My deepest regret is that I did not have the foresight to start a swear jar on Dec. 31, 2019.  I could be a wealthy woman today.  And though there are understandable reasons for profanity this year, I would like to let go of those vicious words – and the underlying rage fueling them.  

Despite that anger, however, I’m startled at how much I want to hang onto from 2020.

I will hold dear the wisdom of Ruth Bader Ginsburg and the songs of John Prine – salvation of front-yard coffee and family Zooms – bonds of a women’s sewing circle creating needed nurse gowns – healing power of sunrise hikes. 

No doubt, this last year was a crapstorm. But in the yin and yang of life, 2020 also imparted unexpected enlightenment: Yes, even a confirmed introvert can get lonely, yet find solace in exploring interior landscapes and less-traveled backroads … but only if she has a good dog beside her, and the open hearts of family and friends.   

I’m safeguarding costly lessons that emerged from the pain. 

- A brutal pandemic honoring true heroism and true science.

 - A disgraced president who exposed the fragility yet hardiness of democracy.  

George Floyd and others who helped shine light on our dark, ongoing inequities. 

I’m saving my “I love Dr. Fauci” t-shirt, tie-dye face mask, vanilla cinnamon sanitizer – while cherishing precious moments:

- After months of isolation, hugging Scout, Everlyn, Ace.

- A circle of friends howling for joy as the election was called for Joe Biden.

- My son calling every Sunday – my daughter texting she was vaccinated.

We are a resilient species – and I want to hold onto that. We lost way too many people this year, yet it appears we will survive – flying iguanas, murderous hornets, a global pandemic.

Damn, I’m ready for 2021.  (Oops.)

Finding the balance of holding on and letting go… by Mary Reiman

Balance (noun): stability, equilibrium, steadiness, footing

Balance (verb): level, position, weigh, compare, evaluate, consider

Letting go of isolation of both body and spirit.

Letting go of that anxious, uneasy, pull the covers over my head and wanting to stay in bed all day kind of feeling.

Letting go of procrastinating. Actually, it is a goal every year, but is simply crossed off the list and added to the next year’s resolutions.

Letting go of trepidation or learning how to convert it to gain strength.

Holding on to thankfulness for the awe-inspiring goodness and kindness in people that pours forth in times of crisis.

Holding on to mindfulness. Gaining a better awareness of all the elements that inform my world, focusing on listening, learning, taking action.

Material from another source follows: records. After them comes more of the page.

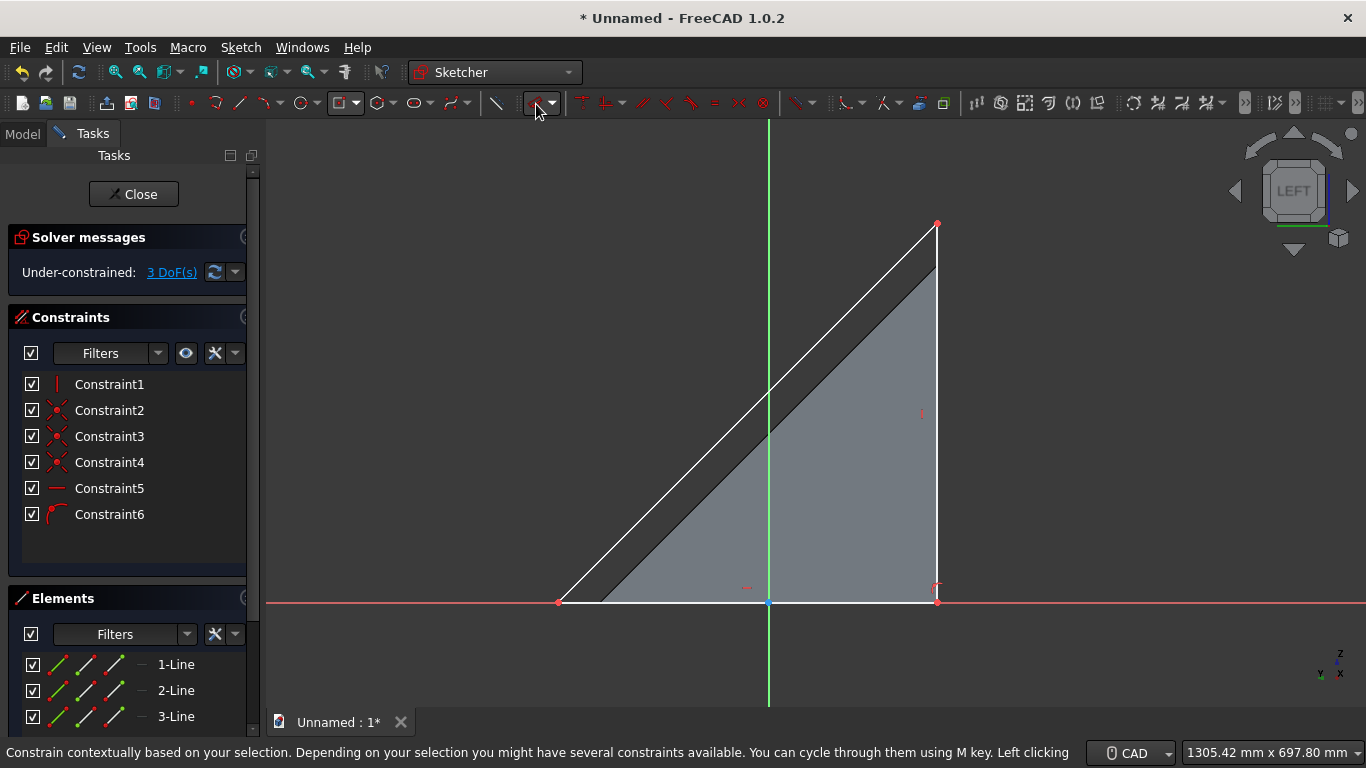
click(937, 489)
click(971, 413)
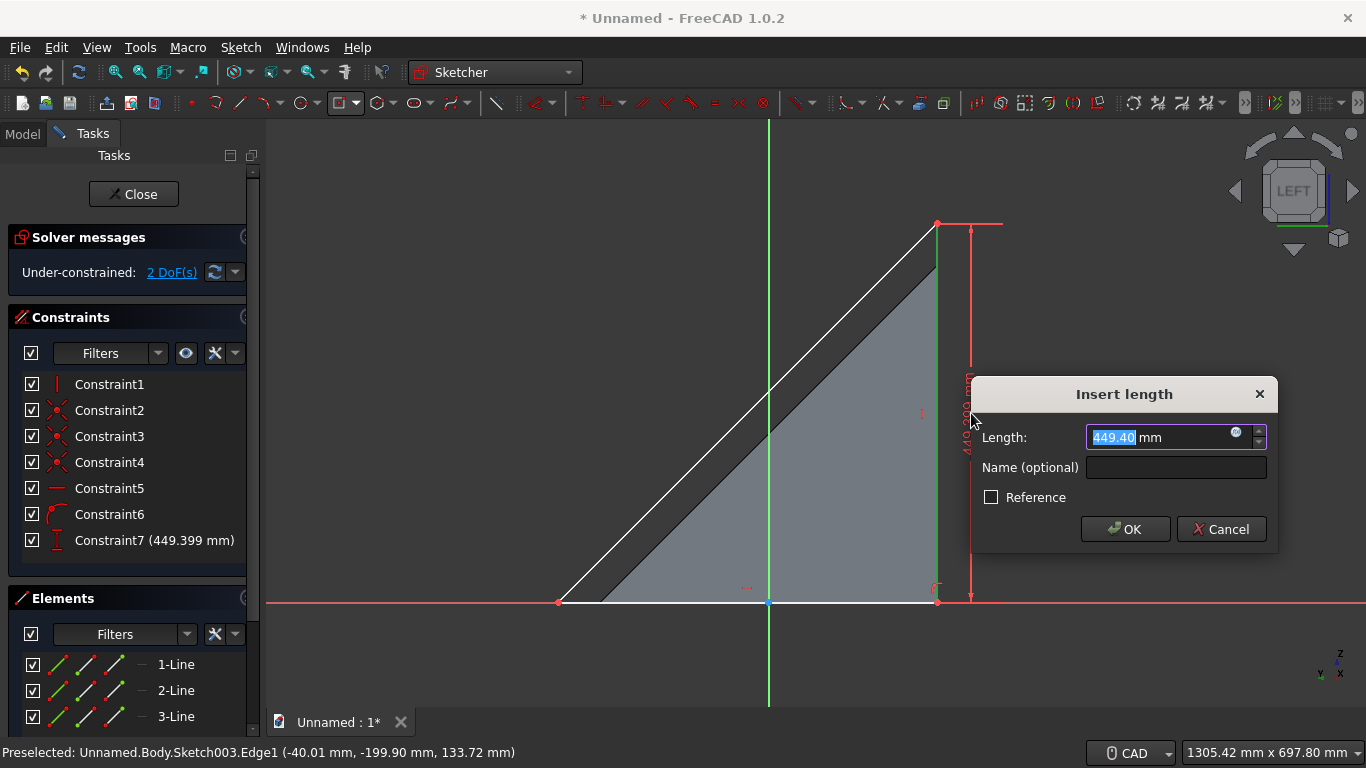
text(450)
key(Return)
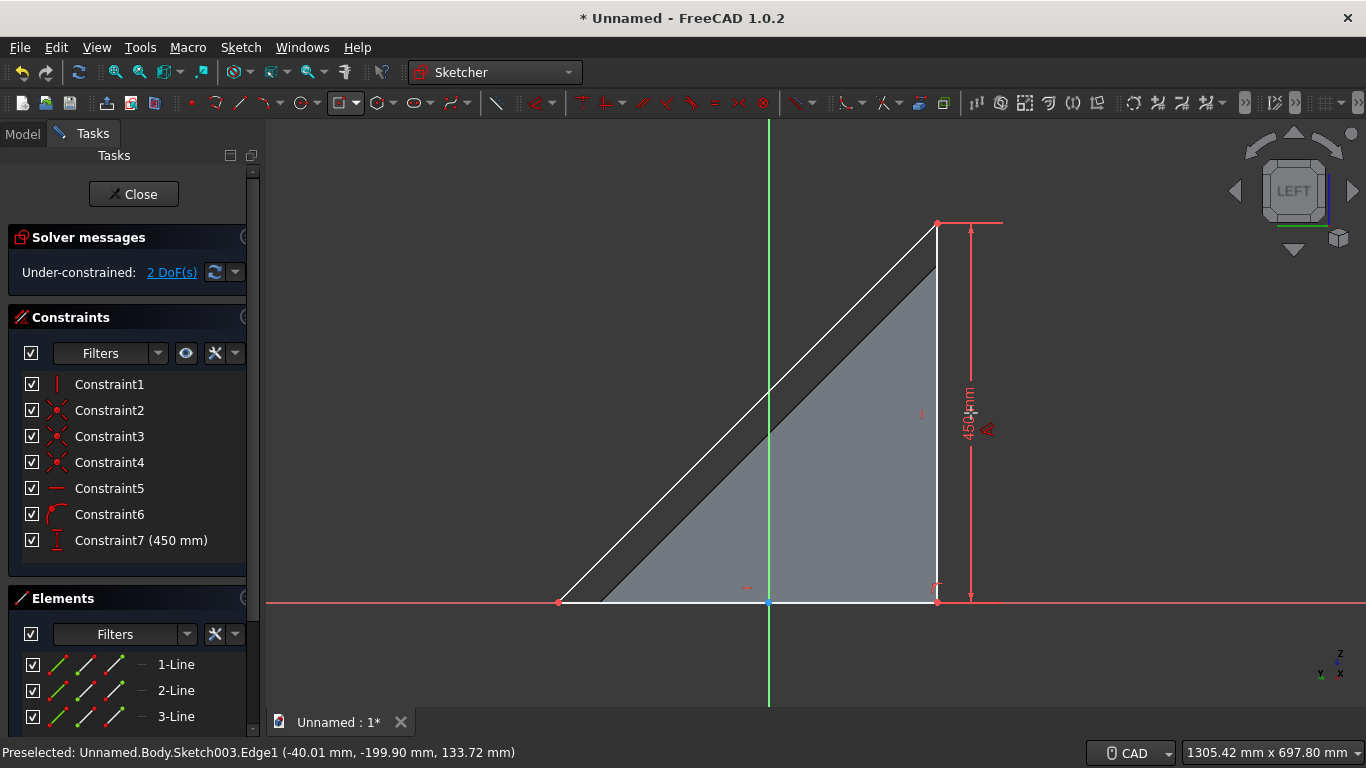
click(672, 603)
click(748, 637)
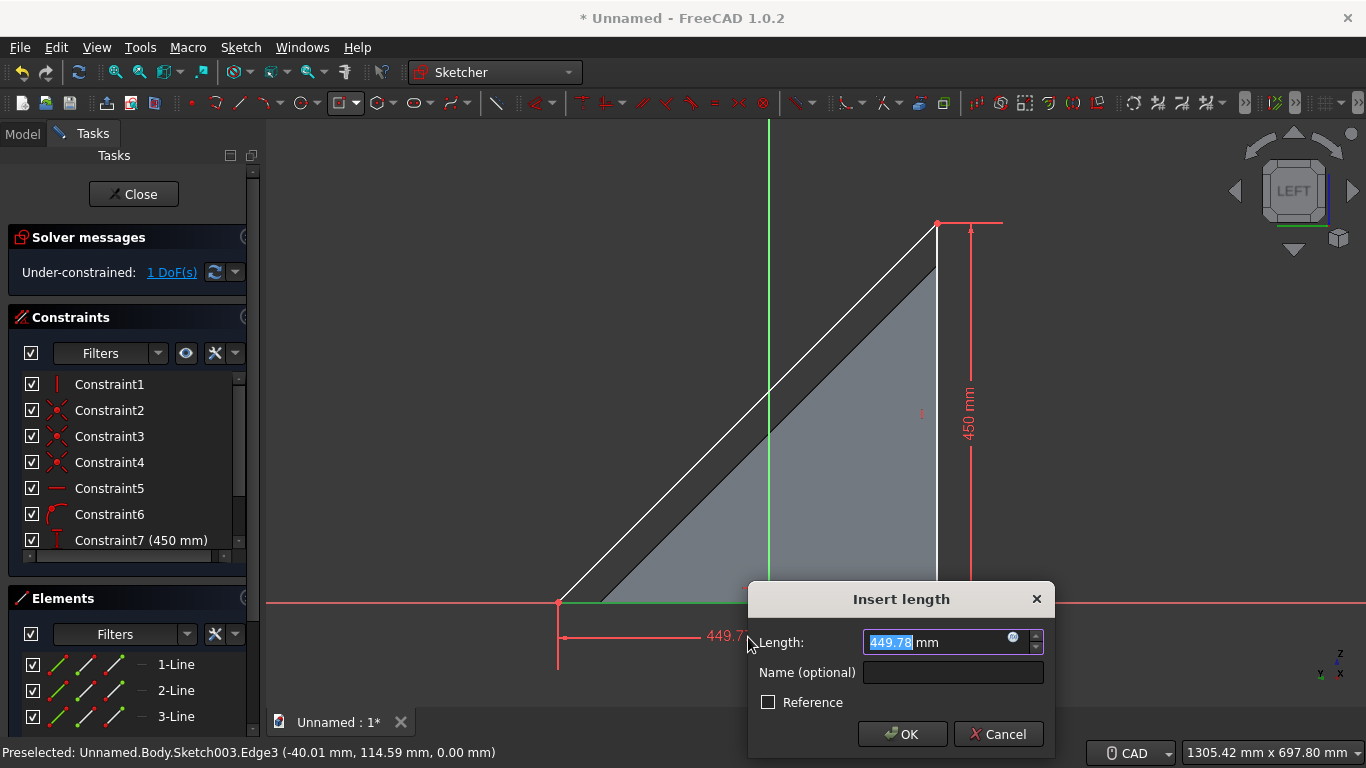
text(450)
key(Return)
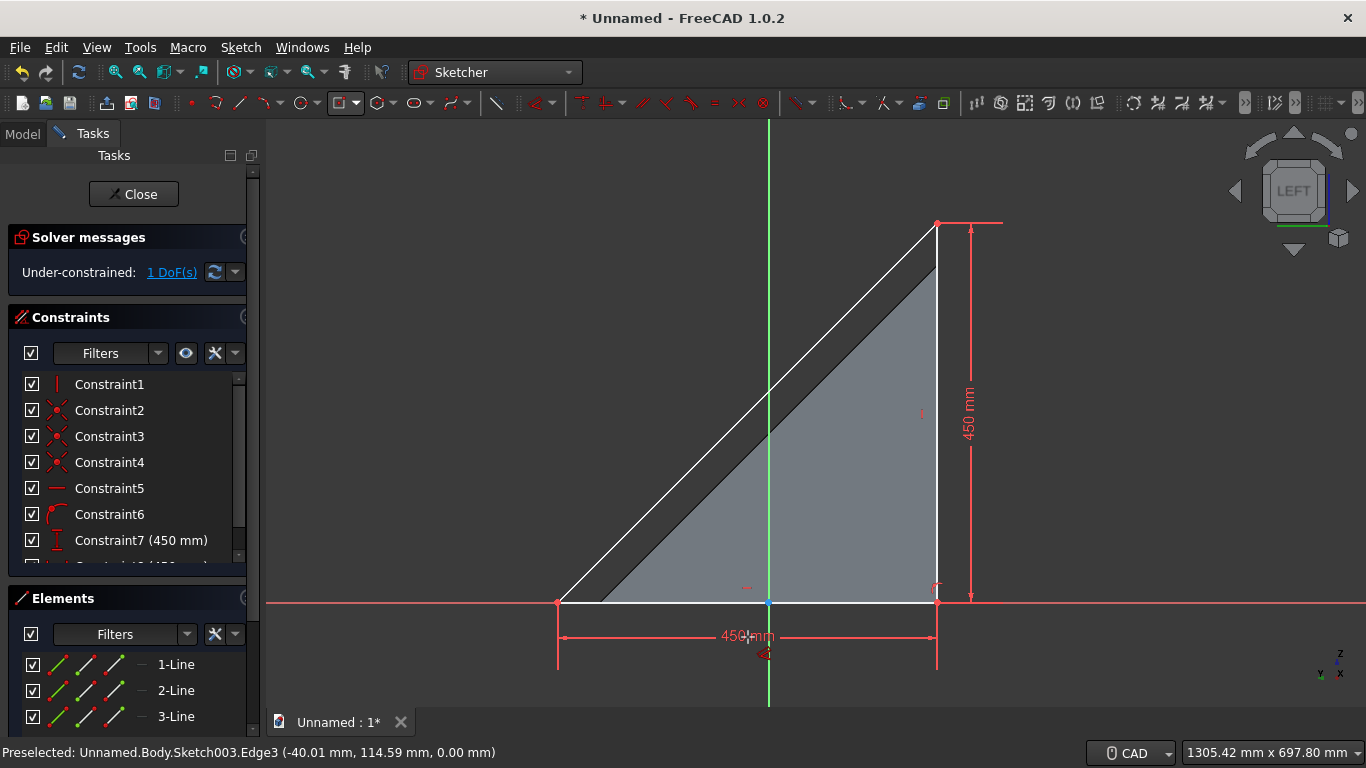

Holding on to the belief in the importance of a moral compass in everyone, yes everyone.Holding on to the friends who have sustained, encouraged and inspired me. Holding onto them now more than ever.

Holding on to faith. Holding on to hope. Holding on to love.

…by continually looking beyond any walls or barriers that might seem to exist…finding the balance.

A Fine Mingling, by Marilyn Moore

I will hold on to walks in the neighborhood.  I may return to the gym for strength training and for classes, but I will walk the neighborhood – in all directions, in all weather.  I am physically connected to this space, and I’m holding on to that. 

I will hold on to cooking and baking and eating at home.  We have now had meals at home 293 days in a row, and the vast majority are meals that I, or we, have cooked.  That is a night-and-day change from the way we use to live, which was dinner out nearly every evening.  We are eating healthier meals, I’m remembering what fun it is to find new recipes and new ingredients, and I’m holding on to that.

I have learned to be intentional about staying in touch with friends and family, knowing that the normal course of just seeing people at shared events doesn’t happen.  Phone calls, emails, texts, Zoom calls, driveway and lawn gatherings, keeping up with the everyday-ness of their lives – I’m holding on to that. 

Letting go…I have spent an inordinate amount of time this past year watching cable news
programming.  The combination of the political scene of 2020, the racial and social unrest, and the explosion of the coronavirus has filled the news shows 24/7.  And I’ve watched a lot of it, wanting to be an informed citizen.  What that much news time on screen does to me, however, is make me anxious, and discouraged, and irritated.  I think I can be “informed” in an hour or two a day, beginning with the daily newspapers….the rest, I’ll let it go. 
 

 Bananas and pickles, or divine wrath? by JoAnne Young

 

If there’s anything I’ve learned in this problem child of a year, it’s how to be undecided about change.
 

Hang on to what we had before, or gladly give it away? Keep what’s new, or let it disappear when things alter, mutate, fluctuate. Again. And again.

 

No mercy for what change brings? Or a full-out embrace of it all?

 

I could say I developed my indecision in the halls of the pandemic, but that wouldn’t be true. I learned it young as my family moved every year or two when some or other military orders came floating down from on high, telling my dad to pack up his family and move across the country. Change states, change houses, change schools, change climates, change friends.

 

Letting go became oddly beautiful, holding on frightful.

 

I can’t look back on 2020 and say, “Hey, I think I’ll hold on to these new homemade sandwich combos I’ve come to love: banana and pickle, peanut butter and tomato.” They’ll be gone by March.  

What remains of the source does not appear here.